President Obama’s basketball love affair has roots in Hawaii high school team

By David Maraniss,June 09, 2012

To say that President Obama loves basketball understates the role of the sport in his life. He has been devoted to the game for 40 years now, ever since the father he did not know and never saw again gave him his first ball during a brief Christmastime visit. Basketball is central to his self identity. It is global yet American-born, much like him. It is where he found a place of comfort, a family, a mode of expression, a connection from his past to his future. With foundation roots in the Kansas of his white forebears, basketball was also the city game, helping him find his way toward blackness, his introduction to an African American culture that was distant to him when he was young yet his by birthright .

As a teenager growing up in Hawaii,he dreamed the big hoops dream. He had posters of the soaring Dr. J on his bedroom wall. A lefty, he practiced the spin moves of Tiny Archibald. And in the yearbook of an older high school classmate who wanted to be a lawyer, he wrote: “Anyway, been great knowing you and I hope we keep in touch. Good luck in everything you do, and get that law degree. Some day when I am an all-pro basketballer, and I want to sue my team for more money, I’ll call on you. Barry.”

It never happened, of course. But the adolescent known as Barry kept on playing, even after he took back his given name of Barack and went off to college at Occidental, Columbia and Harvard and went into community organizing, then politics in Illinois. He played whenever he could on playgrounds, in fancy sport clubs, at home, on the road. During his first trip back to Honolulu after being elected president, he rounded up a bunch of his old high school pals, got the key to the gym at Punahou School, and went at it. When the pickup game was over, Darryl Gabriel, who had been the star of their championship-winning team, found himself muttering to another former teammate, “Man, Barack is a lot better than Barry ever was!”

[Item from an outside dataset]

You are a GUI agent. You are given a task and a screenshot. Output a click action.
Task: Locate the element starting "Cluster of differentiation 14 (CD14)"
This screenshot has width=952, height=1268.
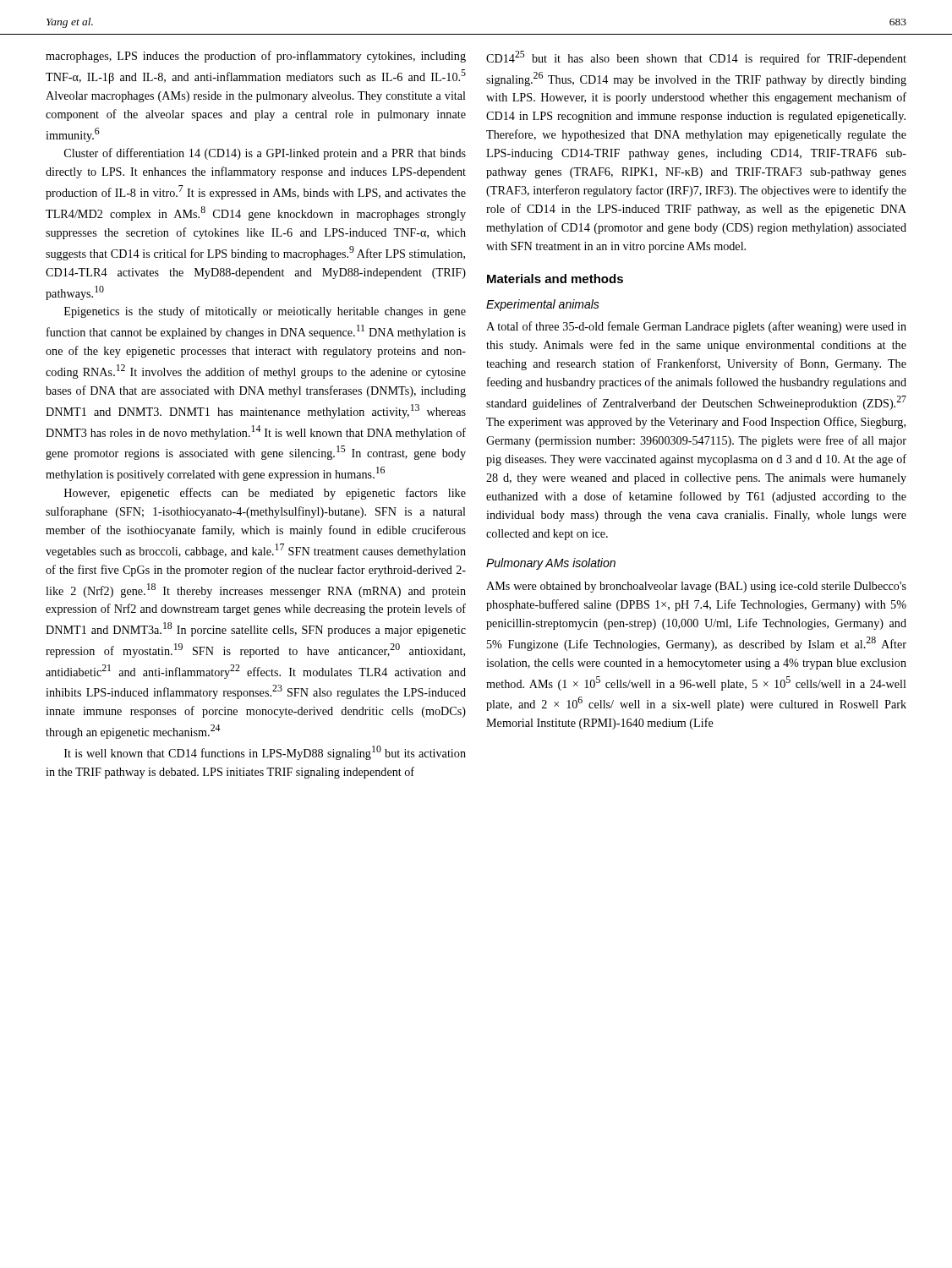pyautogui.click(x=256, y=223)

In his presidency, basketball has become a recurring theme, one of the visible ways that he has escaped the confines of the White House and the pressures of his job. He’s sat courtside at a Washington Wizards game, cheering on his team, the Chicago Bulls. He’s talked trash on the court behind the White House, taken in a game between North Carolina and Michigan State on the deck of the USS Carl Vinson, and invited ESPN into the Oval Office to watch him fill out his bracket for March Madness.

This is the story of the roots of his obsession, back in his days as a teenager, when Barry Obama played on one of the best high school teams in the country.

* * *

It was one thing to play basketball every day on the outdoor courts on the Punahou School campus in the late 1970s, quite another to play for the school team. The athletic model at the elite Honolulu prep school could be compared to major league baseball and its farm system. There were three levels of minor teams after ninth grade intramurals -- Junior Varsity A, Junior Varsity AA, and Varsity A -- before a player reached the major leagues of Varsity AA.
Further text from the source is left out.